CN219953452U

CN219953452U - Turbine controller

Info

Publication number: CN219953452U
Application number: CN202321406377.8U
Authority: CN
Inventors: 周占宇; 周利宇; 邓长恒
Original assignee: Wuxi Aoshilai Technology Co ltd
Current assignee: Wuxi Aoshilai Technology Co ltd
Priority date: 2023-06-05
Filing date: 2023-06-05
Publication date: 2023-11-03
Anticipated expiration: 2033-06-05

Abstract

The utility model discloses a turbine controller, which relates to the field of turbines, and comprises: the power module is used for supplying power; the analog quantity output module is used for outputting the analog quantity of the MCU main control module; the analog quantity input module is used for introducing analog quantity and outputting the analog quantity to the MCU main control module; the MCU main control module is used for selectively outputting PWM signals to control the feeding speed of the pulverizer according to the input information of the analog quantity and the digital quantity; communicating with a terminal; the digital quantity input module is used for introducing digital quantity and outputting the digital quantity to the MCU main control module; compared with the prior art, the utility model has the beneficial effects that: the information self-adaptive dynamic control can control the fuel injection in a dynamic mode in a state of being consistent with the rotating speed of the turbine in the process of starting, running and stopping the turbine, and is efficient, stable and reliable; the remote control and detection of the turbine are realized by the communication function.

Description

Turbine controller

Technical Field

The utility model relates to the field of turbines, in particular to a turbine controller.

Background

The turbine is also called a "turbine" or a "turbine". An impeller engine converts energy contained in a fluid (such as gas, steam or water) into mechanical energy by means of a rotating impeller.

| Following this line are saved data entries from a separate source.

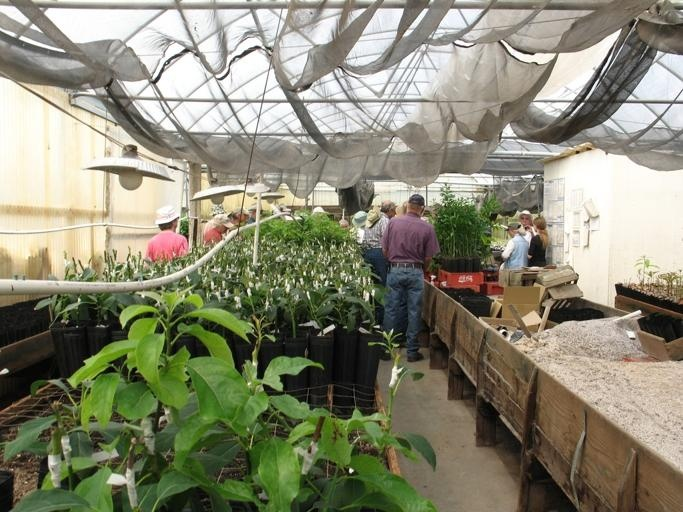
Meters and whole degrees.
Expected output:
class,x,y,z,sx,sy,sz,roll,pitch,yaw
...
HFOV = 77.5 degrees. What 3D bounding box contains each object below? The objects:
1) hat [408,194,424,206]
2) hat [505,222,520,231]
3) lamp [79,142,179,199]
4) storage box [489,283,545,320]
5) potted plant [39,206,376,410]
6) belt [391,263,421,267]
class,x,y,z,sx,sy,sz,roll,pitch,yaw
hat,1.087,-0.806,6.177,0.134,0.131,0.228,7,11,16
hat,3.226,-0.543,8.027,0.207,0.079,0.149,-3,-4,-35
lamp,-1.904,-0.819,3.851,0.604,0.402,0.736,-2,7,-14
storage box,2.167,0.539,5.211,0.498,0.396,0.513,1,1,2
potted plant,-0.833,0.339,3.260,1.837,0.979,1.880,0,7,4
belt,0.923,0.129,6.029,0.386,0.071,0.090,1,7,7

The fluid with energy converts the energy into kinetic energy when passing through the spray pipe, and impacts the blades when flowing through the impeller to push the impeller to rotate, thereby driving the turbine shaft to rotate and outputting mechanical work.

The turbine controllers in the current market are relatively low in efficiency and need improvement.

Disclosure of Invention

The present utility model is directed to a turbine controller that solves the above-mentioned problems with the prior art.

In order to achieve the above purpose, the present utility model provides the following technical solutions:

a turbine controller comprising:

the power module is used for supplying power;

the analog quantity output module is used for outputting the analog quantity of the MCU main control module;

the analog quantity input module is used for introducing analog quantity and outputting the analog quantity to the MCU main control module;

the MCU main control module is used for selectively outputting PWM signals to control the feeding speed of the pulverizer according to the input information of the analog quantity and the digital quantity; communicating with a terminal;

the digital quantity input module is used for introducing digital quantity and outputting the digital quantity to the MCU main control module;

the digital quantity output module is used for outputting the digital quantity of the MCU main control module;

the communication module is used for constructing RS485 and CAN communication between the MCU main control module and the terminal;

the power supply module is connected with the communication module and the MCU master control module, the communication module is connected with the MCU master control module, the MCU master control module is connected with the analog output module and the digital quantity output module, the analog quantity input module is connected with the MCU master control module, and the digital quantity input module is connected with the MCU master control module.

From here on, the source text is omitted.